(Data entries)
⟨

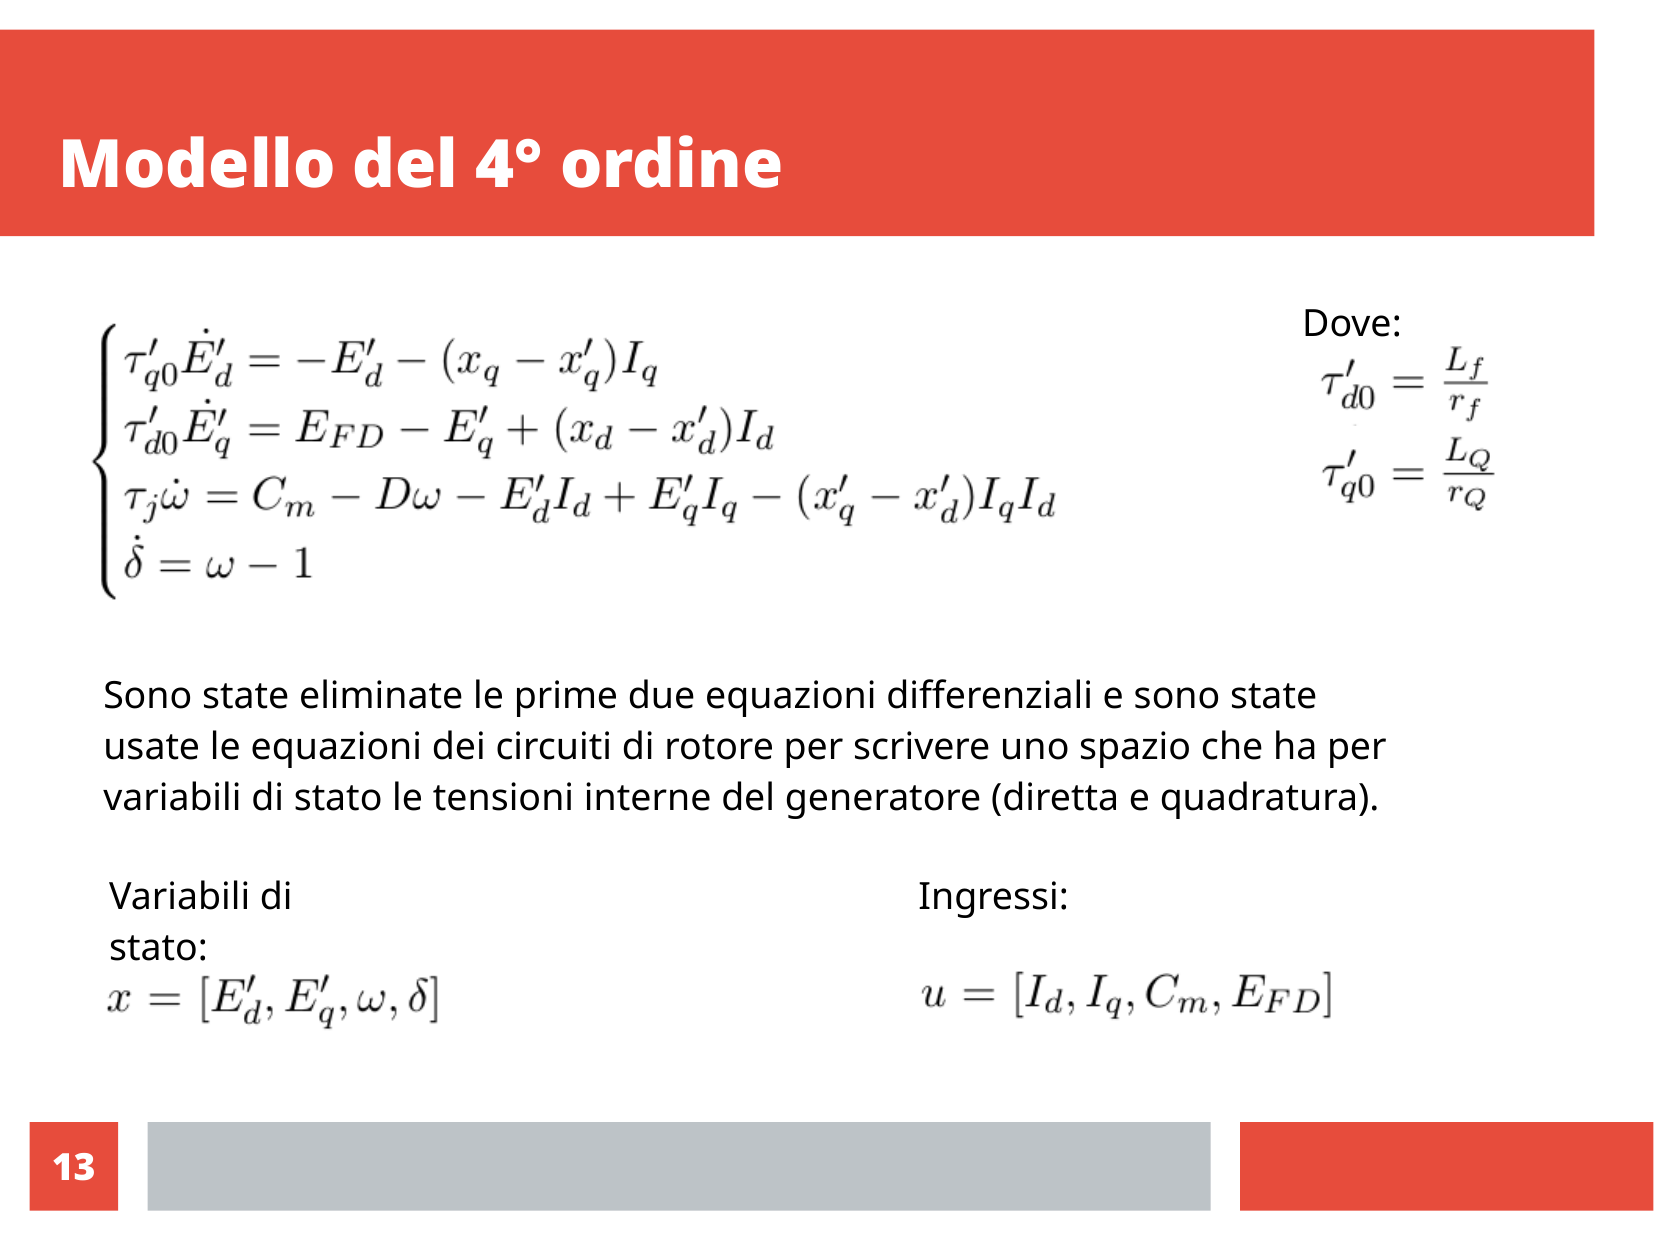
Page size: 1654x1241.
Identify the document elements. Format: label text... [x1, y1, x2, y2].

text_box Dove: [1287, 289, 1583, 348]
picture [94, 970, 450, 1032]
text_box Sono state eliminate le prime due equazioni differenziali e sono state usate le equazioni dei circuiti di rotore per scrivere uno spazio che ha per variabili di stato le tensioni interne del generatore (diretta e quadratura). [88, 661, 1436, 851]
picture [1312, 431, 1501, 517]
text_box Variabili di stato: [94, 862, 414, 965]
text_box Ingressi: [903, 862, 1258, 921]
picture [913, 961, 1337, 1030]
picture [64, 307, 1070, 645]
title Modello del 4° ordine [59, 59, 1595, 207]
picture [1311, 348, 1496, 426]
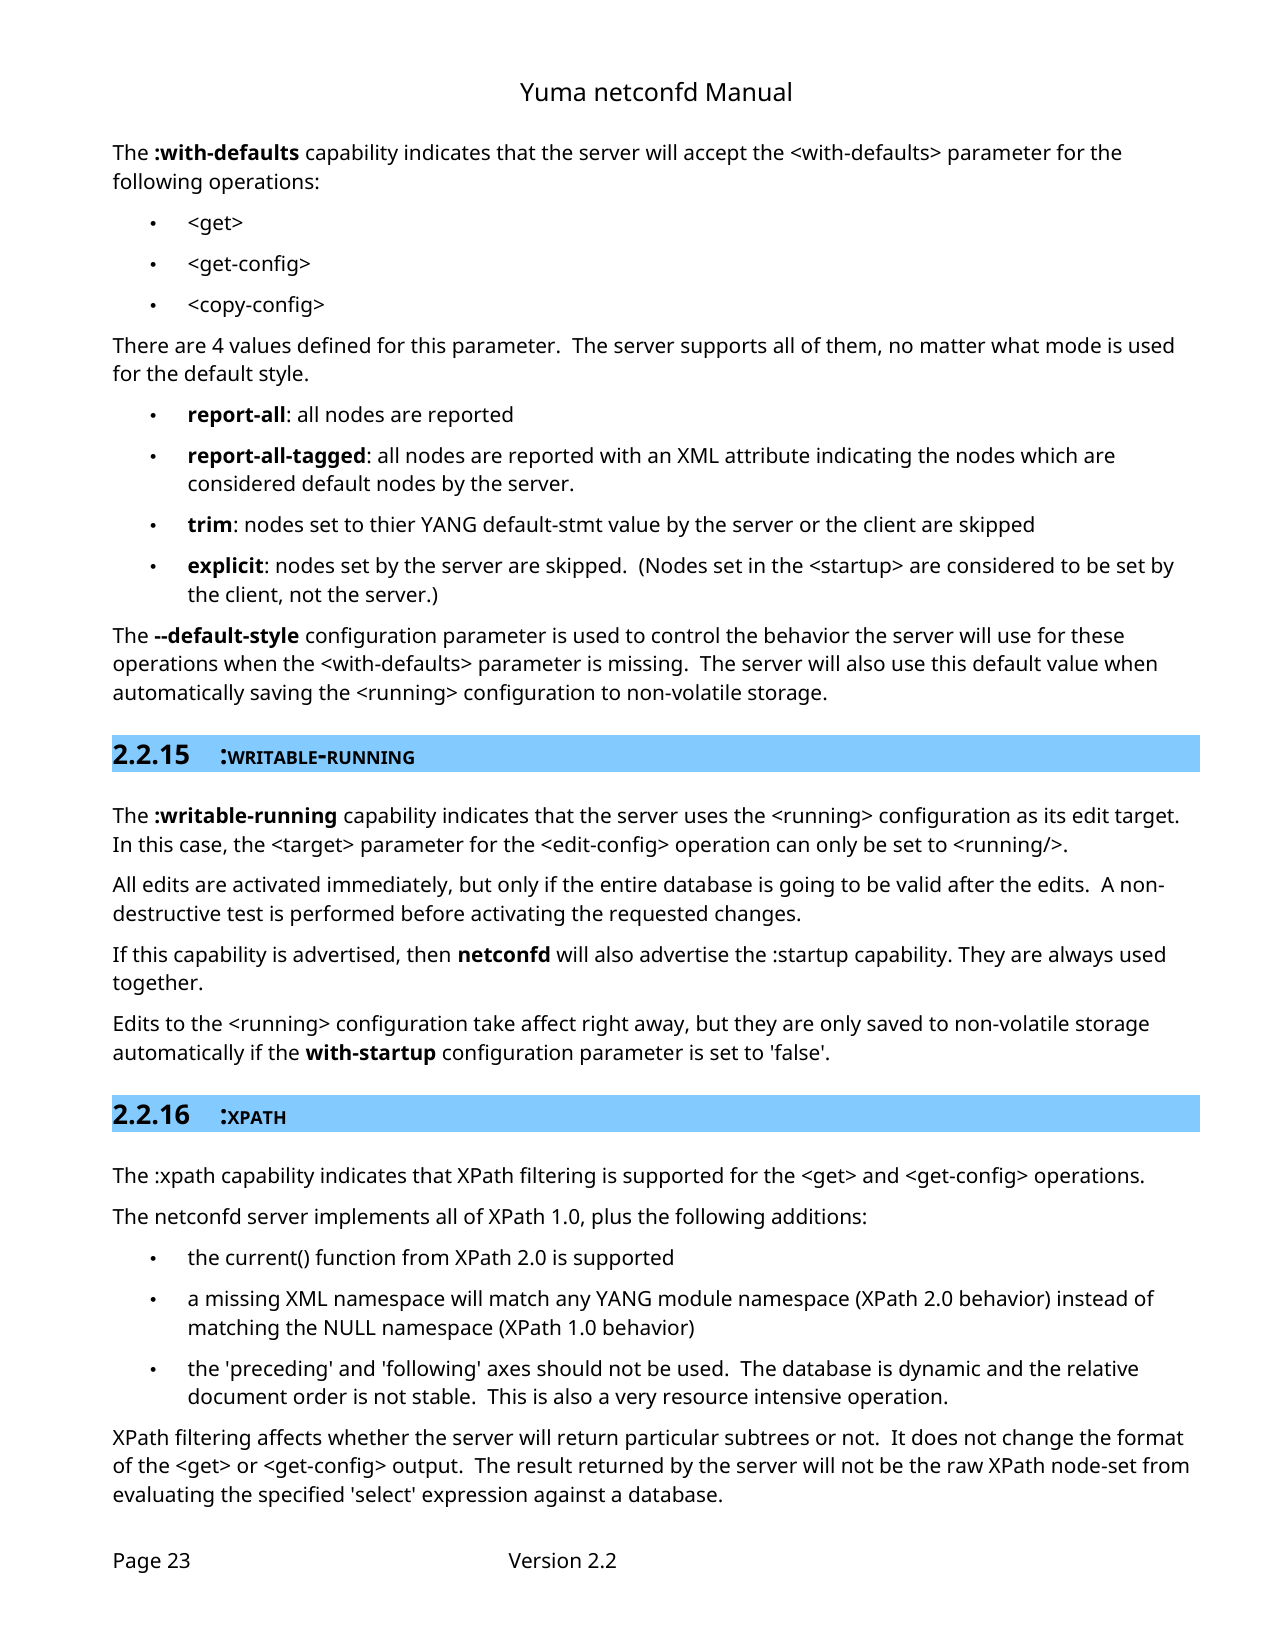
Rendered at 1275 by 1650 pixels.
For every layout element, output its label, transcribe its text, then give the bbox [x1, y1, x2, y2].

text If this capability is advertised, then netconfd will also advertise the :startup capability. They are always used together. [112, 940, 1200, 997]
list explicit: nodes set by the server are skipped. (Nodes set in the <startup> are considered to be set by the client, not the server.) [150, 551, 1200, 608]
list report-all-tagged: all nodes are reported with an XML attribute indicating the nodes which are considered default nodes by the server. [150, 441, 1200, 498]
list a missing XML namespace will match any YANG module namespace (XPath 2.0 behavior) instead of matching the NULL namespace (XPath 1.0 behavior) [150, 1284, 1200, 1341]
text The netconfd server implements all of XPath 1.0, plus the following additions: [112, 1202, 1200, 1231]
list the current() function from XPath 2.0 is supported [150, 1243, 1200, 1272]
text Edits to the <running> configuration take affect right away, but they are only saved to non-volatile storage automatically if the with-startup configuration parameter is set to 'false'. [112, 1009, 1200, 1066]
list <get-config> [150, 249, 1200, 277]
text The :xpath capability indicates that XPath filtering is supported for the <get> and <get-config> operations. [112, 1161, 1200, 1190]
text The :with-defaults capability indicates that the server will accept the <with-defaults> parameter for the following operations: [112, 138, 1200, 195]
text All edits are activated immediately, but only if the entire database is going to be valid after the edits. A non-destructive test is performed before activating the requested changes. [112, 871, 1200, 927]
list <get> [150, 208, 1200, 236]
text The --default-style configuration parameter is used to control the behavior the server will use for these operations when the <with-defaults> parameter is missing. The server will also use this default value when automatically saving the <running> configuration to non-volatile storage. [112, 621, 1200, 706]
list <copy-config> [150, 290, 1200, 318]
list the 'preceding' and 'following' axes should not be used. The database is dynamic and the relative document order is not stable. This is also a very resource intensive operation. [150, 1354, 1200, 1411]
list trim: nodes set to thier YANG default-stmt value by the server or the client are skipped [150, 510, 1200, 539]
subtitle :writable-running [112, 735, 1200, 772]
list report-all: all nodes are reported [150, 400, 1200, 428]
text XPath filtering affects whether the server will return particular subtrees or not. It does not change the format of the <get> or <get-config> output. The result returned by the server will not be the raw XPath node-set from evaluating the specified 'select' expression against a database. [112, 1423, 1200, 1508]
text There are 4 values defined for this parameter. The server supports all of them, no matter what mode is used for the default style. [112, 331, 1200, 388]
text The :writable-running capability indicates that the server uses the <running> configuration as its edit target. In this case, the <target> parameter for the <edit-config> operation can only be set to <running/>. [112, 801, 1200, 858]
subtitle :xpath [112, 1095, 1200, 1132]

⟩

PROBLEM TO SOLVE
Make an exact copy of the records from their first line through the line containing "picture [1312, 431, 1501, 517]", both ends included, with the pictures omitted.

ANSWER BELOW
Page size: 1654x1241.
Identify the document elements. Format: label text... [x1, y1, x2, y2].

text_box Dove: [1287, 289, 1583, 348]
picture [94, 970, 450, 1032]
text_box Sono state eliminate le prime due equazioni differenziali e sono state usate le equazioni dei circuiti di rotore per scrivere uno spazio che ha per variabili di stato le tensioni interne del generatore (diretta e quadratura). [88, 661, 1436, 851]
picture [1312, 431, 1501, 517]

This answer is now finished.